Review: Rush rocks Pinnacle Bank Arena


In interviews preceding Rush’s 40th anniversary tour, vocalist and bass player Geddy Lee hinted the tour may be the band’s last.

Say it isn’t so, Geddy.

The Canadians -- Lee, guitarist Alex Lifeson and percussionist Neil Peart -- proved again Sunday night at Pinnacle Bank Arena why they are three of the greatest rock musicians to ever grace a stage.

Rush, performing the tour’s second show, played nearly three hours, offering up two sets, with a brief intermission between them, and a four-song encore.

“We have all kinds of little goofy things for you this evening,” Lee told the audience after Rush opened with three songs from its “Clockwork Angels” album: “The Anarchist,” “The Wreckers” and “Headlong Flight.”

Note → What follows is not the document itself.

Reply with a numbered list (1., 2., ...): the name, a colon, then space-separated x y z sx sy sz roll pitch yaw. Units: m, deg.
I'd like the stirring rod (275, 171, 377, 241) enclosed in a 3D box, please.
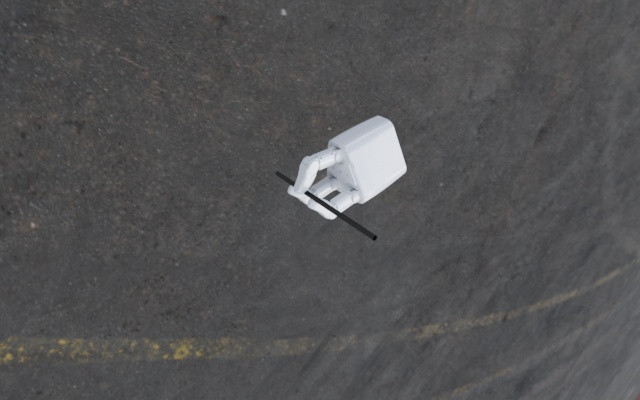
1. stirring rod: 0.000 0.002 0.725 0.011 0.011 0.239 0 24 -42

Indeed they did, from their roadies, attired in red jumpsuits messing with the stage props throughout the night -- at one time there were four coin-operated washing machines on stage for some unknown reason -- to the many comedic videos with some of them including cameos from such Rush fans as Jason Segel, Paul Rudd, Peter Dinklage, Jay Baruchel, Eugene Levy, the Trailer Park Boys and the “South Park” kids.

The concert also included a heavy dose of lighting effects -- the rain-like strobes on “The Wreckers” was extremely cool -- as well as pyrotechnics on “Far Cry” and “2112 Part 1: Overture.”

Heck, the Rock and Roll Hall of Famers even did the little things well. In “Subdivisions,” a video showing 1980s high school kids backed the lyrics “in the high school halls,” and Peart’s bass drum was emblazoned with the “2112” album cover for the show’s second half, hinting at what was to come.

The trio balanced the evening with newer material in the first half and vintage stuff in the second half, including crowd pleasers “Tom Sawyer,” “The Spirit of Radio,” “Xanadu” and, in the encore, “Working Man.”

They even dug deep into their repertoire, playing such rare songs as “How It Is,” “Between the Wheels” and one of my personal favorites, “Jacob’s Ladder.”

For three fellas in their 60s, they sounded just as good as they did 33 years ago when I saw them last at Omaha’s Civic Auditorium in September 1982.

Lee had no trouble hitting the high notes. Lifeson zipped up and down his guitar fret with ease, and Peart, well, he’s still the best percussionist in rock ‘n’ roll in my book. He wowed the audience with drum solos on “Headlong Flight” and “Cygnus X-1,” working up a sweat each time.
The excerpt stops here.